Task requirements:
Beginning with the first line, please repeat the entries exactly and end on the line that contains "Answer: History, Philosophy, Politics, Sociology".

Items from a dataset
☆ ☆ ☆ ☆ ☆ ☆ ☆

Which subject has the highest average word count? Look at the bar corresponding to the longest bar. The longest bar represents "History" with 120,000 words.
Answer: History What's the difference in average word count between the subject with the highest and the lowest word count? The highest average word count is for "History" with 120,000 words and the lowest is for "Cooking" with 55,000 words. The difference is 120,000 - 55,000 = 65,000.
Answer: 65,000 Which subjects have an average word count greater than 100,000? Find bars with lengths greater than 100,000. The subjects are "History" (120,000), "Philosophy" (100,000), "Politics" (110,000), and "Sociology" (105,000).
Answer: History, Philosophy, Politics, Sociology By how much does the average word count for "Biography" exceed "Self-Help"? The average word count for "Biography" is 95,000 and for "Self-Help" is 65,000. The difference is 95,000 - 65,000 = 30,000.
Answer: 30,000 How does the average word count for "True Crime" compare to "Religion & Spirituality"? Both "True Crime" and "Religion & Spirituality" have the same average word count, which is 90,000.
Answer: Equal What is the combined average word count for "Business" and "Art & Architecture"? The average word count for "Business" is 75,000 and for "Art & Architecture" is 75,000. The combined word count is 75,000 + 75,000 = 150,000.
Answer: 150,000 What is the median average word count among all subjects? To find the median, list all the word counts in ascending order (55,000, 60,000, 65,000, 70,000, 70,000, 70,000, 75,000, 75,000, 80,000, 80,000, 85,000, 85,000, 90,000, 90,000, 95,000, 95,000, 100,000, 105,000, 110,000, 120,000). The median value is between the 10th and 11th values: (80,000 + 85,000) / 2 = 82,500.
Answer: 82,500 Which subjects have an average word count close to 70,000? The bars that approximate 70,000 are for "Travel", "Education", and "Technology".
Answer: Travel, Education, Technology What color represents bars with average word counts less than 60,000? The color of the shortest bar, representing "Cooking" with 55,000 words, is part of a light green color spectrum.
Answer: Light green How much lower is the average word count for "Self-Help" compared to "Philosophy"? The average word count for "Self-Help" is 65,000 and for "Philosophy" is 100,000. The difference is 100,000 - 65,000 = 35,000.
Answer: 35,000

☆ ☆ ☆ ☆ ☆ ☆ ☆

Expected answer:
Which subject has the highest average word count? Look at the bar corresponding to the longest bar. The longest bar represents "History" with 120,000 words.
Answer: History What's the difference in average word count between the subject with the highest and the lowest word count? The highest average word count is for "History" with 120,000 words and the lowest is for "Cooking" with 55,000 words. The difference is 120,000 - 55,000 = 65,000.
Answer: 65,000 Which subjects have an average word count greater than 100,000? Find bars with lengths greater than 100,000. The subjects are "History" (120,000), "Philosophy" (100,000), "Politics" (110,000), and "Sociology" (105,000).
Answer: History, Philosophy, Politics, Sociology By how much does the average word count for "Biography" exceed "Self-Help"? The average word count for "Biography" is 95,000 and for "Self-Help" is 65,000. The difference is 95,000 - 65,000 = 30,000.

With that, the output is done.